By the end of the19th century, Madam Currie had done for physics and chemistry what Darwin had done for biology, and Riemann, Bolyai and Lobachevsky had done for geometry. It is no accident that the abolition of slavery in the Western world also occurred, by degrees, in the same century that witnessed a complete reappraisal of the fundamental axioms and postulates upon which all of Western science and civilization had been based since at least the 15th century, and most probably much earlier still—possibly, for some of its precepts, as far back as the 5th century.
It is reasonable, therefore, to ask why the fundamental axioms and postulates underlying the “science” of double-entry bookkeeping, (which is a more accurate analogue to geometry than it is to algebra), have not been subject to the same level of scrutiny since the 19th century as those which underlie all the other hard or objective or physical sciences of the West.

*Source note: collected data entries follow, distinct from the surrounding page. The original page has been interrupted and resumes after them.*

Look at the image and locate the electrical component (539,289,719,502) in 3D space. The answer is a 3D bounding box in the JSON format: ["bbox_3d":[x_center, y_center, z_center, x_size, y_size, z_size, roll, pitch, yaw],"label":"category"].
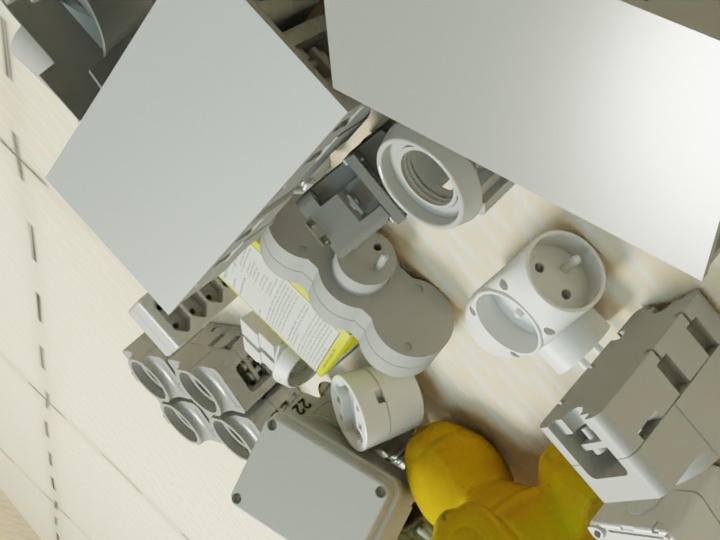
[{"bbox_3d":[0.138,0.062,0.501,0.055,0.089,0.050,49,153,-5],"label":"electrical component"}]

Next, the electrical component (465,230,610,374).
[{"bbox_3d":[0.101,0.027,0.556,0.079,0.044,0.077,46,152,3],"label":"electrical component"}]

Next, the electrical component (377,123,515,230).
[{"bbox_3d":[0.045,-0.056,0.511,0.078,0.057,0.058,29,148,30],"label":"electrical component"}]

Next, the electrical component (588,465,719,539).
[{"bbox_3d":[0.185,0.155,0.589,0.096,0.061,0.062,54,151,-14],"label":"electrical component"}]

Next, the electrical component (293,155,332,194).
[{"bbox_3d":[-0.036,-0.078,0.613,0.048,0.048,0.062,39,145,15],"label":"electrical component"}]

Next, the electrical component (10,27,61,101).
[{"bbox_3d":[-0.204,-0.142,0.764,0.081,0.043,0.043,43,152,6],"label":"electrical component"}]

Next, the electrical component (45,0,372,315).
[{"bbox_3d":[-0.078,-0.075,0.573,0.105,0.060,0.186,48,130,1],"label":"electrical component"}]

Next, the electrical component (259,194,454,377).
[{"bbox_3d":[0.000,0.000,0.654,0.138,0.052,0.073,43,153,8],"label":"electrical component"}]

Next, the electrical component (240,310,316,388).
[{"bbox_3d":[-0.058,0.056,0.820,0.055,0.048,0.066,42,153,26],"label":"electrical component"}]

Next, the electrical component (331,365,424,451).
[{"bbox_3d":[0.013,0.092,0.748,0.055,0.047,0.055,49,148,46],"label":"electrical component"}]

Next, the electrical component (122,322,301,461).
[{"bbox_3d":[-0.134,0.106,0.975,0.186,0.060,0.105,2,129,54],"label":"electrical component"}]

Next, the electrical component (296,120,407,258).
[{"bbox_3d":[0.003,-0.041,0.570,0.042,0.064,0.081,50,-166,-6],"label":"electrical component"}]

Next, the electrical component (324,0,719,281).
[{"bbox_3d":[0.075,-0.091,0.420,0.186,0.060,0.105,32,149,27],"label":"electrical component"}]

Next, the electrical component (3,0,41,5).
[{"bbox_3d":[-0.117,-0.195,0.504,0.060,0.105,0.186,55,152,-14],"label":"electrical component"}]

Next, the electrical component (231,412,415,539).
[{"bbox_3d":[-0.025,0.158,0.763,0.113,0.078,0.057,27,-176,24],"label":"electrical component"}]

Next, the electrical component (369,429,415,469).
[{"bbox_3d":[0.021,0.120,0.797,0.078,0.040,0.040,50,153,-5],"label":"electrical component"}]

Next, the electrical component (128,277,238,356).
[{"bbox_3d":[-0.138,0.025,0.848,0.047,0.083,0.076,49,153,-4],"label":"electrical component"}]

The answer, of course, is that there have remained too many vested socio-economic interests at stake that have prevented us—throughout a century that began with the technological slaughter of the war to end all wars; then indulged in a holocaust of multiple genocides; and finally presented us with dialectically opposed “scientifically demonstrable” threats of planetary extinction, first through a nuclear winter, then through a scorching summer of global warming—from shifting our ideological focus on only one subset of our balance sheets that has dominated not so much our age of forgetting as our age of denial—Das Kapital—to the fundamental axioms and postulates which underlie our methodology of accounting per se.
That reappraisal of our system of accounting for value and hence the wealth of nations, its potentially profound outcomes, and its historic necessity for the survival and sustainability of life on earth, will be the subject of Part Two of this article, scheduled to appear in the next issue of subTerrain.»
Part II of Karl Siegler’s essay On Value, “Our Unacknowledged One-Party Capitalist Oligarchy” appears in issue #63, on newsstands now.
NOTE:
The European slave trade and its seminal relation to the evolution of monetarism in the West is referenced by Pirene’s classic text, Economic & Social History of Europe, Routledge & Kegan Paul [1936]; elaborated upon in Robert Latouche’s The Birth of Western Economy, Methuen [1961]; and confirmed in Michael McCormick’s Origins of the European Economy: Communications and Commerce AD 300-900, Cambridge [2001]—yet it is disingenuously denied in David Graeber’s Debt: The First 5,000 years, Melville House [2011].